** PROVIDED RECORDS **
*-*-*

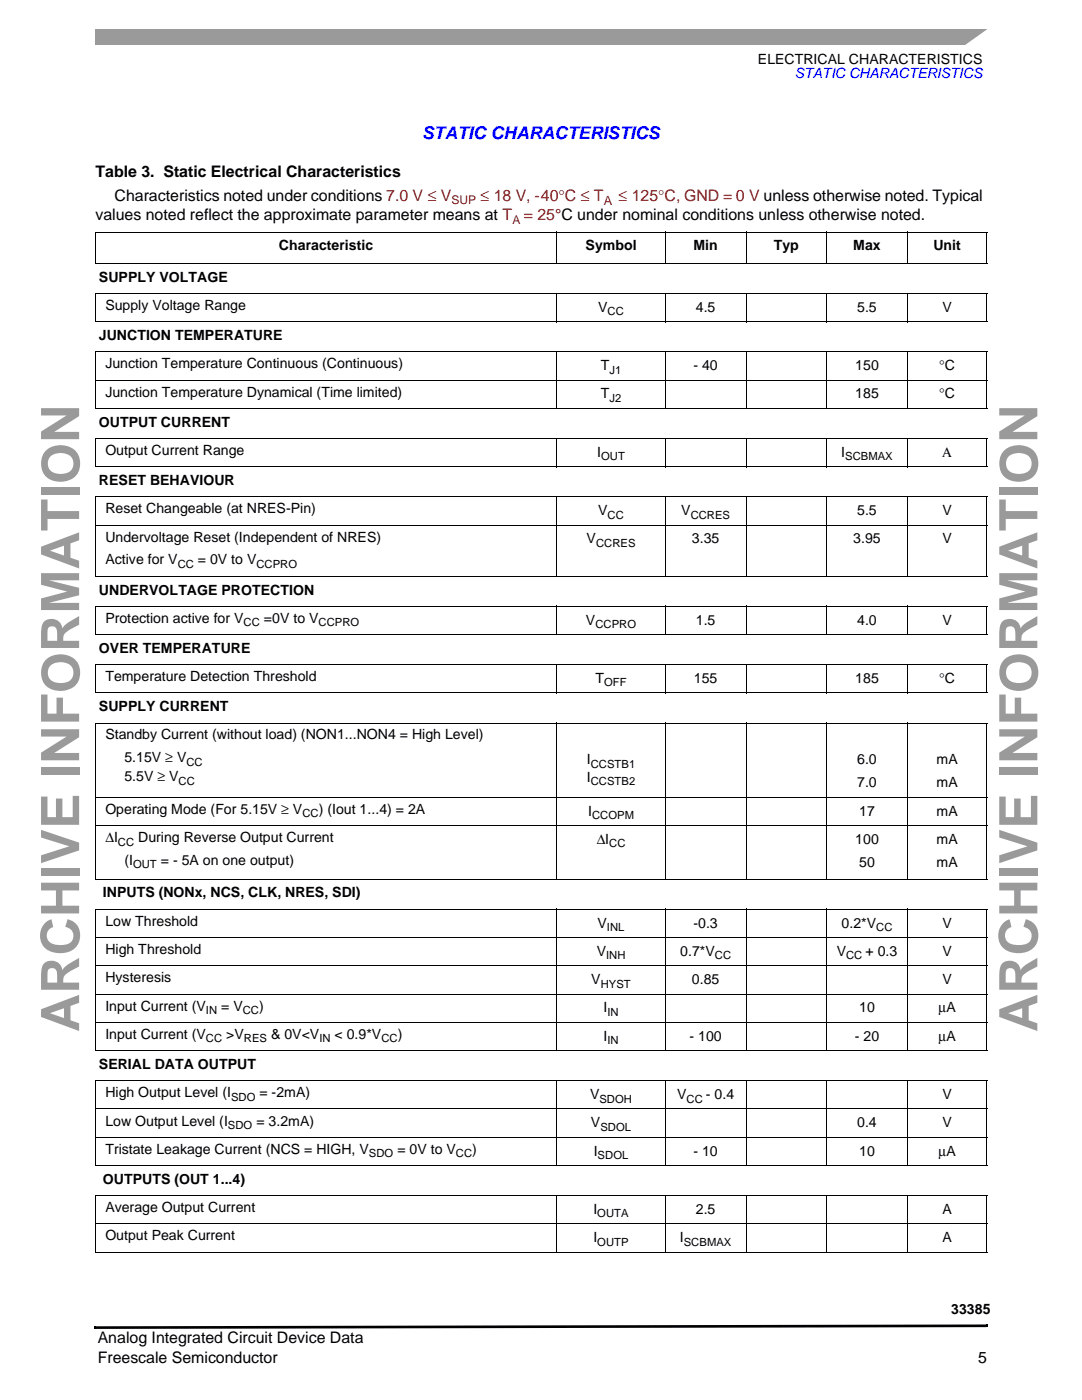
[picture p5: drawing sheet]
<svg xmlns="http://www.w3.org/2000/svg" width="216mm" height="279mm" viewBox="0 0 216 279" stroke-linecap="round" stroke-linejoin="round" font-family="sans-serif">
<defs><g id="words">
<g font-size="10.6" fill="#9a9a9a">
<text x="15.8" y="206" transform="rotate(-90 15.8 206)">ARCHIVE INFORMATION</text>
<text x="207" y="206" transform="rotate(-90 207 206)">ARCHIVE INFORMATION</text>
</g>
<text font-size="3.5" fill="#00f" x="84.2" y="27.7">STATIC CHARACTERISTICS</text>
<g font-size="3.2">
<text x="19" y="35.3">Table 3. Static Electrical Characteristics</text>
<text x="22.9" y="40">Characteristics noted under conditions 7.0 V ≤ V</text>
<text x="19.1" y="43.9">values noted reflect the approximate parameter means at T</text>
<text x="19.5" y="268.1">Analog Integrated Circuit Device Data</text>
<text x="19.5" y="272">Freescale Semiconductor</text>
<text x="195.2" y="272">5</text>
</g>
<g font-size="3.2" fill="#f00">
<text x="95.9" y="40">≤ 18 V, -40°C ≤ T</text>
<text x="123.4" y="40">≤ 125°C, GND = 0 V unless otherwise noted. Typical</text>
<text x="104.5" y="43.9">= 25°C under nominal conditions unless otherwise noted.</text>
</g>
<g font-size="2.8">
<text x="151.2" y="12.7">ELECTRICAL CHARACTERISTICS</text>
<text x="55.7" y="50">Characteristic</text>
<text x="116.8" y="50">Symbol</text>
<text x="138.4" y="50">Min</text>
<text x="154.4" y="50">Typ</text>
<text x="170.3" y="50">Max</text>
<text x="186.2" y="50">Unit</text>
<text x="19.7" y="56.2">SUPPLY VOLTAGE</text>
<text x="21" y="61.9">Supply Voltage Range</text>
<text x="119.4" y="62.2">V</text>
<text x="138.9" y="62.2">4.5</text>
<text x="171" y="62.2">5.5</text>
<text x="188" y="62.2">V</text>
<text x="19.7" y="67.9">JUNCTION TEMPERATURE</text>
<text x="21" y="73.5">Junction Temperature Continuous (Continuous)</text>
<text x="119.9" y="73.9">T</text>
<text x="138.4" y="73.9">- 40</text>
<text x="170.7" y="73.9">150</text>
<text x="187.4" y="73.9">°C</text>
<text x="21" y="79.2">Junction Temperature Dynamical (Time limited)</text>
<text x="119.9" y="79.5">T</text>
<text x="170.7" y="79.5">185</text>
<text x="187.4" y="79.5">°C</text>
<text x="19.7" y="85.2">OUTPUT CURRENT</text>
<text x="21" y="90.8">Output Current Range</text>
<text x="119.2" y="91.2">I</text>
<text x="167.9" y="91.2">I</text>
<text x="188" y="91.2">Α</text>
<text x="19.7" y="96.8">RESET BEHAVIOUR</text>
<text x="21" y="102.4">Reset Changeable (at NRES-Pin)</text>
<text x="119.4" y="102.8">V</text>
<text x="135.9" y="102.8">V</text>
<text x="171" y="102.8">5.5</text>
<text x="188" y="102.8">V</text>
<text x="21" y="108.1">Undervoltage Reset (Independent of NRES)</text>
<text x="21" y="112.6">Active for V</text>
<text x="39.5" y="112.6">= 0V to V</text>
<text x="117.1" y="108.5">V</text>
<text x="138.1" y="108.5">3.35</text>
<text x="170.3" y="108.5">3.95</text>
<text x="188" y="108.5">V</text>
<text x="19.7" y="118.7">UNDERVOLTAGE PROTECTION</text>
<text x="21" y="124.3">Protection active for V</text>
<text x="52.7" y="124.3">=0V to V</text>
<text x="116.9" y="124.7">V</text>
<text x="138.9" y="124.7">1.5</text>
<text x="171" y="124.7">4.0</text>
<text x="188" y="124.7">V</text>
<text x="19.7" y="130.3">OVER TEMPERATURE</text>
<text x="21" y="135.9">Temperature Detection Threshold</text>
<text x="118.8" y="136.3">T</text>
<text x="138.5" y="136.3">155</text>
<text x="170.7" y="136.3">185</text>
<text x="187.4" y="136.3">°C</text>
<text x="19.7" y="141.9">SUPPLY CURRENT</text>
<text x="21" y="147.6">Standby Current (without load) (NON1...NON4 = High Level)</text>
<text x="24.8" y="152.1">5.15V ≥ V</text>
<text x="24.8" y="155.9">5.5V ≥ V</text>
<text x="117.1" y="152.5">I</text>
<text x="171" y="152.5">6.0</text>
<text x="186.9" y="152.5">mA</text>
<text x="117.1" y="156">I</text>
<text x="171" y="157.1">7.0</text>
<text x="186.9" y="157.1">mA</text>
<text x="21" y="162.4">Operating Mode (For 5.15V ≥ V</text>
<text x="63.6" y="162.4">) (Iout 1...4) = 2A</text>
<text x="117.3" y="162.8">I</text>
<text x="171.4" y="162.8">17</text>
<text x="186.9" y="162.8">mA</text>
<text x="21" y="168">ΔI</text>
<text x="24.8" y="172.6">(I</text>
<text x="27.6" y="168">During Reverse Output Current</text>
<text x="32.1" y="172.6">= - 5A on one output)</text>
<text x="119.1" y="168.4">ΔI</text>
<text x="170.7" y="168.4">100</text>
<text x="171.4" y="173">50</text>
<text x="186.9" y="168.4">mA</text>
<text x="186.9" y="173">mA</text>
<text x="20.5" y="179.1">INPUTS (NONx, NCS, CLK, NRES, SDI)</text>
<text x="21" y="184.7">Low Threshold</text>
<text x="119.3" y="185.1">V</text>
<text x="138.4" y="185.1">-0.3</text>
<text x="167.9" y="185.1">0.2*V</text>
<text x="188" y="185.1">V</text>
<text x="21" y="190.4">High Threshold</text>
<text x="119.1" y="190.8">V</text>
<text x="135.7" y="190.8">0.7*V</text>
<text x="167" y="190.8">V</text>
<text x="172.7" y="190.8">+ 0.3</text>
<text x="188" y="190.8">V</text>
<text x="21" y="196">Hysteresis</text>
<text x="118" y="196.4">V</text>
<text x="138.1" y="196.4">0.85</text>
<text x="188" y="196.4">V</text>
<text x="21" y="201.7">Input Current (V</text>
<text x="44.1" y="201.7">= V</text>
<text x="51.7" y="201.7">)</text>
<text x="120.4" y="202">I</text>
<text x="171.4" y="202">10</text>
<text x="187.2" y="202">μA</text>
<text x="21" y="207.3">Input Current (V</text>
<text x="45.1" y="207.3">&gt;V</text>
<text x="54.1" y="207.3">&amp; 0V&lt;V</text>
<text x="66.8" y="207.3">&lt; 0.9*V</text>
<text x="79.4" y="207.3">)</text>
<text x="120.4" y="207.7">I</text>
<text x="137.6" y="207.7">- 100</text>
<text x="170.6" y="207.7">- 20</text>
<text x="187.2" y="207.7">μA</text>
<text x="19.7" y="213.3">SERIAL DATA OUTPUT</text>
<text x="21" y="219">High Output Level (I</text>
<text x="51.8" y="219">= -2mA)</text>
<text x="117.8" y="219.3">V</text>
<text x="135.1" y="219.3">V</text>
<text x="140.9" y="219.3">- 0.4</text>
<text x="188" y="219.3">V</text>
<text x="21" y="224.6">Low Output Level (I</text>
<text x="51.2" y="224.6">= 3.2mA)</text>
<text x="117.9" y="225">V</text>
<text x="171" y="225">0.4</text>
<text x="188" y="225">V</text>
<text x="21" y="230.3">Tristate Leakage Current (NCS = HIGH, V</text>
<text x="79.3" y="230.3">= 0V to V</text>
<text x="94.2" y="230.3">)</text>
<text x="118.5" y="230.6">I</text>
<text x="138.4" y="230.6">- 10</text>
<text x="171.4" y="230.6">10</text>
<text x="187.2" y="230.6">μA</text>
<text x="20.5" y="236.3">OUTPUTS (OUT 1...4)</text>
<text x="21" y="241.9">Average Output Current</text>
<text x="118.4" y="242.3">I</text>
<text x="138.9" y="242.3">2.5</text>
<text x="188" y="242.3">A</text>
<text x="21" y="247.5">Output Peak Current</text>
<text x="118.4" y="247.9">I</text>
<text x="135.7" y="247.9">I</text>
<text x="188" y="247.9">A</text>
<text x="189.8" y="262.2">33385</text>
</g>
<text font-size="2.8" fill="#00f" x="158.6" y="15.5">STATIC CHARACTERISTICS</text>
<text font-size="2.5" fill="#f00" x="120.5" y="40.8">A</text>
<g font-size="2.4" fill="#f00">
<text x="90.1" y="40.8">SUP</text>
<text x="102.2" y="44.7">A</text>
</g>
<g font-size="2.2">
<text x="121.2" y="62.9">CC</text>
<text x="121.6" y="74.6">J1</text>
<text x="121.6" y="80.2">J2</text>
<text x="120" y="91.9">OUT</text>
<text x="168.6" y="91.9">SCBMAX</text>
<text x="121.2" y="103.5">CC</text>
<text x="137.8" y="103.5">CCRES</text>
<text x="35.5" y="113.3">CC</text>
<text x="51.2" y="113.3">CCPRO</text>
<text x="118.9" y="109.2">CCRES</text>
<text x="48.6" y="125">CC</text>
<text x="63.6" y="125">CCPRO</text>
<text x="118.8" y="125.3">CCPRO</text>
<text x="120.5" y="137">OFF</text>
<text x="37.2" y="152.8">CC</text>
<text x="117.9" y="153.2">CCSTB1</text>
<text x="35.6" y="156.6">CC</text>
<text x="117.9" y="156.8">CCSTB2</text>
<text x="60.3" y="163.1">CC</text>
<text x="118.1" y="163.4">CCOPM</text>
<text x="23.5" y="168.7">CC</text>
<text x="26.6" y="173.3">OUT</text>
<text x="121.6" y="169.1">CC</text>
<text x="121.1" y="185.8">INL</text>
<text x="174.8" y="185.8">CC</text>
<text x="120.9" y="191.5">INH</text>
<text x="142.6" y="191.5">CC</text>
<text x="168.8" y="191.5">CC</text>
<text x="119.9" y="197.1">HYST</text>
<text x="41.1" y="202.4">IN</text>
<text x="48.5" y="202.4">CC</text>
<text x="121.2" y="202.7">IN</text>
<text x="41.1" y="208">CC</text>
<text x="48.7" y="208">RES</text>
<text x="63.7" y="208">IN</text>
<text x="76.1" y="208">CC</text>
<text x="121.2" y="208.4">IN</text>
<text x="46.1" y="219.7">SDO</text>
<text x="119.6" y="220">SDOH</text>
<text x="137" y="220">CC</text>
<text x="45.5" y="225.3">SDO</text>
<text x="119.8" y="225.7">SDOL</text>
<text x="73.6" y="231">SDO</text>
<text x="91" y="231">CC</text>
<text x="119.3" y="231.3">SDOL</text>
<text x="119.2" y="243">OUTA</text>
<text x="119.2" y="248.6">OUTP</text>
<text x="136.4" y="248.6">SCBMAX</text>
</g>
</g></defs>
<path d="M18.8 264.7h.2v.5h-.2zM196.8 264.3h.3v.6h-.3zM19.1 264.7l177.7-.4v.6l-177.7 .3z" fill="#000"/>
<path d="M19 5.9h177.8v3.2h-177.8z" fill="#9a9a9a"/>
<path d="M192 9.4l5.3-3.8h1.5v3.8z" fill="#fff"/>
<g fill="#fff">
<path d="M19 46.4h92.1v6.2h-92.1z"/>
<path d="M111.1 46.4h21.7v6.2h-21.7z"/>
<path d="M132.8 46.4h16.1v6.2h-16.1z"/>
<path d="M148.9 46.4h16.1v6.2h-16.1z"/>
<path d="M165 46.4h16.1v6.2h-16.1z"/>
<path d="M181.1 46.4h15.8v6.2h-15.8z"/>
<path d="M19 52.6h177.9v6h-177.9z"/>
<path d="M19 58.6h92.1v5.6h-92.1z"/>
<path d="M111.1 58.6h21.7v5.6h-21.7z"/>
<path d="M132.8 58.6h16.1v5.6h-16.1z"/>
<path d="M148.9 58.6h16.1v5.6h-16.1z"/>
<path d="M165 58.6h16.1v5.6h-16.1z"/>
<path d="M181.1 58.6h15.8v5.6h-15.8z"/>
<path d="M19 64.2h177.9v6h-177.9z"/>
<path d="M19 70.2h92.1v5.7h-92.1z"/>
<path d="M111.1 70.2h21.7v5.7h-21.7z"/>
<path d="M132.8 70.2h16.1v5.7h-16.1z"/>
<path d="M148.9 70.2h16.1v5.7h-16.1z"/>
<path d="M165 70.2h16.1v5.7h-16.1z"/>
<path d="M181.1 70.2h15.8v5.7h-15.8z"/>
<path d="M19 75.9h92.1v5.6h-92.1z"/>
<path d="M111.1 75.9h21.7v5.6h-21.7z"/>
<path d="M132.8 75.9h16.1v5.6h-16.1z"/>
<path d="M148.9 75.9h16.1v5.6h-16.1z"/>
<path d="M165 75.9h16.1v5.6h-16.1z"/>
<path d="M181.1 75.9h15.8v5.6h-15.8z"/>
<path d="M19 81.5h177.9v6h-177.9z"/>
<path d="M19 87.5h92.1v5.7h-92.1z"/>
<path d="M111.1 87.5h21.7v5.7h-21.7z"/>
<path d="M132.8 87.5h16.1v5.7h-16.1z"/>
<path d="M148.9 87.5h16.1v5.7h-16.1z"/>
<path d="M165 87.5h16.1v5.7h-16.1z"/>
<path d="M181.1 87.5h15.8v5.7h-15.8z"/>
<path d="M19 93.2h177.9v6h-177.9z"/>
<path d="M19 99.2h92.1v5.6h-92.1z"/>
<path d="M111.1 99.2h21.7v5.6h-21.7z"/>
<path d="M132.8 99.2h16.1v5.6h-16.1z"/>
<path d="M148.9 99.2h16.1v5.6h-16.1z"/>
<path d="M165 99.2h16.1v5.6h-16.1z"/>
<path d="M181.1 99.2h15.8v5.6h-15.8z"/>
<path d="M19 104.8h92.1v10.2h-92.1z"/>
<path d="M111.1 104.8h21.7v10.2h-21.7z"/>
<path d="M132.8 104.8h16.1v10.2h-16.1z"/>
<path d="M148.9 104.8h16.1v10.2h-16.1z"/>
<path d="M165 104.8h16.1v10.2h-16.1z"/>
<path d="M181.1 104.8h15.8v10.2h-15.8z"/>
<path d="M19 115h177.9v6h-177.9z"/>
<path d="M19 121h92.1v5.6h-92.1z"/>
<path d="M111.1 121h21.7v5.6h-21.7z"/>
<path d="M132.8 121h16.1v5.6h-16.1z"/>
<path d="M148.9 121h16.1v5.6h-16.1z"/>
<path d="M165 121h16.1v5.6h-16.1z"/>
<path d="M181.1 121h15.8v5.6h-15.8z"/>
<path d="M19 126.6h177.9v6.1h-177.9z"/>
<path d="M19 132.7h92.1v5.6h-92.1z"/>
<path d="M111.1 132.7h21.7v5.6h-21.7z"/>
<path d="M132.8 132.7h16.1v5.6h-16.1z"/>
<path d="M148.9 132.7h16.1v5.6h-16.1z"/>
<path d="M165 132.7h16.1v5.6h-16.1z"/>
<path d="M181.1 132.7h15.8v5.6h-15.8z"/>
<path d="M19 138.3h177.9v6h-177.9z"/>
<path d="M19 144.3h92.1v14.8h-92.1z"/>
<path d="M111.1 144.3h21.7v14.8h-21.7z"/>
<path d="M132.8 144.3h16.1v14.8h-16.1z"/>
<path d="M148.9 144.3h16.1v14.8h-16.1z"/>
<path d="M165 144.3h16.1v14.8h-16.1z"/>
<path d="M181.1 144.3h15.8v14.8h-15.8z"/>
<path d="M19 159.1h92.1v5.6h-92.1z"/>
<path d="M111.1 159.1h21.7v5.6h-21.7z"/>
<path d="M132.8 159.1h16.1v5.6h-16.1z"/>
<path d="M148.9 159.1h16.1v5.6h-16.1z"/>
<path d="M165 159.1h16.1v5.6h-16.1z"/>
<path d="M181.1 159.1h15.8v5.6h-15.8z"/>
<path d="M19 164.7h92.1v10.8h-92.1z"/>
<path d="M111.1 164.7h21.7v10.8h-21.7z"/>
<path d="M132.8 164.7h16.1v10.8h-16.1z"/>
<path d="M148.9 164.7h16.1v10.8h-16.1z"/>
<path d="M165 164.7h16.1v10.8h-16.1z"/>
<path d="M181.1 164.7h15.8v10.8h-15.8z"/>
<path d="M19 175.5h177.9v6h-177.9z"/>
<path d="M19 181.5h92.1v5.6h-92.1z"/>
<path d="M111.1 181.5h21.7v5.6h-21.7z"/>
<path d="M132.8 181.5h16.1v5.6h-16.1z"/>
<path d="M148.9 181.5h16.1v5.6h-16.1z"/>
<path d="M165 181.5h16.1v5.6h-16.1z"/>
<path d="M181.1 181.5h15.8v5.6h-15.8z"/>
<path d="M19 187.1h92.1v5.6h-92.1z"/>
<path d="M111.1 187.1h21.7v5.6h-21.7z"/>
<path d="M132.8 187.1h16.1v5.6h-16.1z"/>
<path d="M148.9 187.1h16.1v5.6h-16.1z"/>
<path d="M165 187.1h16.1v5.6h-16.1z"/>
<path d="M181.1 187.1h15.8v5.6h-15.8z"/>
<path d="M19 192.7h92.1v5.7h-92.1z"/>
<path d="M111.1 192.7h21.7v5.7h-21.7z"/>
<path d="M132.8 192.7h16.1v5.7h-16.1z"/>
<path d="M148.9 192.7h16.1v5.7h-16.1z"/>
<path d="M165 192.7h16.1v5.7h-16.1z"/>
<path d="M181.1 192.7h15.8v5.7h-15.8z"/>
<path d="M19 198.4h92.1v5.6h-92.1z"/>
<path d="M111.1 198.4h21.7v5.6h-21.7z"/>
<path d="M132.8 198.4h16.1v5.6h-16.1z"/>
<path d="M148.9 198.4h16.1v5.6h-16.1z"/>
<path d="M165 198.4h16.1v5.6h-16.1z"/>
<path d="M181.1 198.4h15.8v5.6h-15.8z"/>
<path d="M19 204h92.1v5.7h-92.1z"/>
<path d="M111.1 204h21.7v5.7h-21.7z"/>
<path d="M132.8 204h16.1v5.7h-16.1z"/>
<path d="M148.9 204h16.1v5.7h-16.1z"/>
<path d="M165 204h16.1v5.7h-16.1z"/>
<path d="M181.1 204h15.8v5.7h-15.8z"/>
<path d="M19 209.7h177.9v6h-177.9z"/>
<path d="M19 215.7h92.1v5.6h-92.1z"/>
<path d="M111.1 215.7h21.7v5.6h-21.7z"/>
<path d="M132.8 215.7h16.1v5.6h-16.1z"/>
<path d="M148.9 215.7h16.1v5.6h-16.1z"/>
<path d="M165 215.7h16.1v5.6h-16.1z"/>
<path d="M181.1 215.7h15.8v5.6h-15.8z"/>
<path d="M19 221.3h92.1v5.7h-92.1z"/>
<path d="M111.1 221.3h21.7v5.7h-21.7z"/>
<path d="M132.8 221.3h16.1v5.7h-16.1z"/>
<path d="M148.9 221.3h16.1v5.7h-16.1z"/>
<path d="M165 221.3h16.1v5.7h-16.1z"/>
<path d="M181.1 221.3h15.8v5.7h-15.8z"/>
<path d="M19 227h92.1v5.6h-92.1z"/>
<path d="M111.1 227h21.7v5.6h-21.7z"/>
<path d="M132.8 227h16.1v5.6h-16.1z"/>
<path d="M148.9 227h16.1v5.6h-16.1z"/>
<path d="M165 227h16.1v5.6h-16.1z"/>
<path d="M181.1 227h15.8v5.6h-15.8z"/>
<path d="M19 232.6h177.9v6h-177.9z"/>
<path d="M19 238.6h92.1v5.7h-92.1z"/>
<path d="M111.1 238.6h21.7v5.7h-21.7z"/>
<path d="M132.8 238.6h16.1v5.7h-16.1z"/>
<path d="M148.9 238.6h16.1v5.7h-16.1z"/>
<path d="M165 238.6h16.1v5.7h-16.1z"/>
<path d="M181.1 238.6h15.8v5.7h-15.8z"/>
<path d="M19 244.3h92.1v5.6h-92.1z"/>
<path d="M111.1 244.3h21.7v5.6h-21.7z"/>
<path d="M132.8 244.3h16.1v5.6h-16.1z"/>
<path d="M148.9 244.3h16.1v5.6h-16.1z"/>
<path d="M165 244.3h16.1v5.6h-16.1z"/>
<path d="M181.1 244.3h15.8v5.6h-15.8z"/>
</g>
<g fill="none" stroke="#000" stroke-width=".2">
<path d="M19 46.4h178M19 52.6h178M19 58.6h178M19 46.5v6M19 58.7v5.5M111.1 46.3v6.4M111.1 58.5v5.8M132.8 46.3v6.4M132.8 58.5v5.8M148.9 46.3v6.4M148.9 58.5v5.8M165 46.3v6.4"/>
<path d="M165 58.5v5.8M181.1 46.3v6.4M181.1 58.5v5.8M196.9 46.5v6M196.9 58.7v5.5M19 64.2h178M19 70.2h178M19 75.9h178M19 70.3v11.1M111.1 70.1v11.5M132.8 70.1v11.5M148.9 70.1v11.5"/>
<path d="M165 70.1v11.5M181.1 70.1v11.5M196.9 70.3v11.1M19 81.5h178M19 87.5h178M19 93.2h178M19 99.2h178M19 87.6v5.5M19 99.3v15.6M111.1 87.4v5.9M111.1 99.1v16M132.8 87.4v5.9"/>
<path d="M132.8 99.1v16M148.9 87.4v5.9M148.9 99.1v16M165 87.4v5.9M165 99.1v16M181.1 87.4v5.9M181.1 99.1v16M196.9 87.6v5.5M196.9 99.3v15.6M19 104.8h178M19 115h178M19 121h129.8"/>
<path d="M19 126.6h178M19 132.7h178M19 138.3h178M19 121.1v5.5M19 132.7v5.5M111.1 120.9v5.8M111.1 132.5v5.9M132.8 120.9v5.8M132.8 132.5v5.9M148.9 120.9v5.8M148.9 132.5v5.9M148.9 121h16"/>
<path d="M165 120.9v5.8M165 132.5v5.9M165.1 121h31.9M181.1 120.9v5.8M181.1 132.5v5.9M196.9 121.1v5.5M196.9 132.7v5.5M19 144.3h178M19 159.1h178M19 144.4v31M111.1 144.2v31.4M132.8 144.2v31.4"/>
<path d="M148.9 144.2v31.4M165 144.2v31.4M181.1 144.2v31.4M196.9 144.4v31M19 164.7h178M19 175.5h178M19 181.5h178M19 187.1h178M19 192.7h178M19 198.4h178M19 181.5v28.1M111.1 181.4v28.4"/>
<path d="M132.8 181.4v28.4M148.9 181.4v28.4M165 181.4v28.4M181.1 181.4v28.4M196.9 181.5v28.1M19 204h178M19 209.7h178M19 215.7h178M19 215.8v16.7M111.1 215.6v17.1M132.8 215.6v17.1M148.9 215.6v17.1"/>
<path d="M165 215.6v17.1M181.1 215.6v17.1M196.9 215.8v16.7M19 221.3h178M19 227h178M19 232.6h178M19 238.6h178M19 238.7v11.1M111.1 238.5v11.5M132.8 238.5v11.5M148.9 238.5v11.5M165 238.5v11.5"/>
<path d="M181.1 238.5v11.5M196.9 238.7v11.1M19 244.3h178M19 249.9h178"/>
</g>
<use href="#words"/>
</svg>

*-*-*

** TASK REQUIREMENTS **
For each line in the data above that contains the string "Threshold", extract the line.

** EXERCISE ANSWER **
<text x="21" y="135.9">Temperature Detection Threshold</text>
<text x="21" y="184.7">Low Threshold</text>
<text x="21" y="190.4">High Threshold</text>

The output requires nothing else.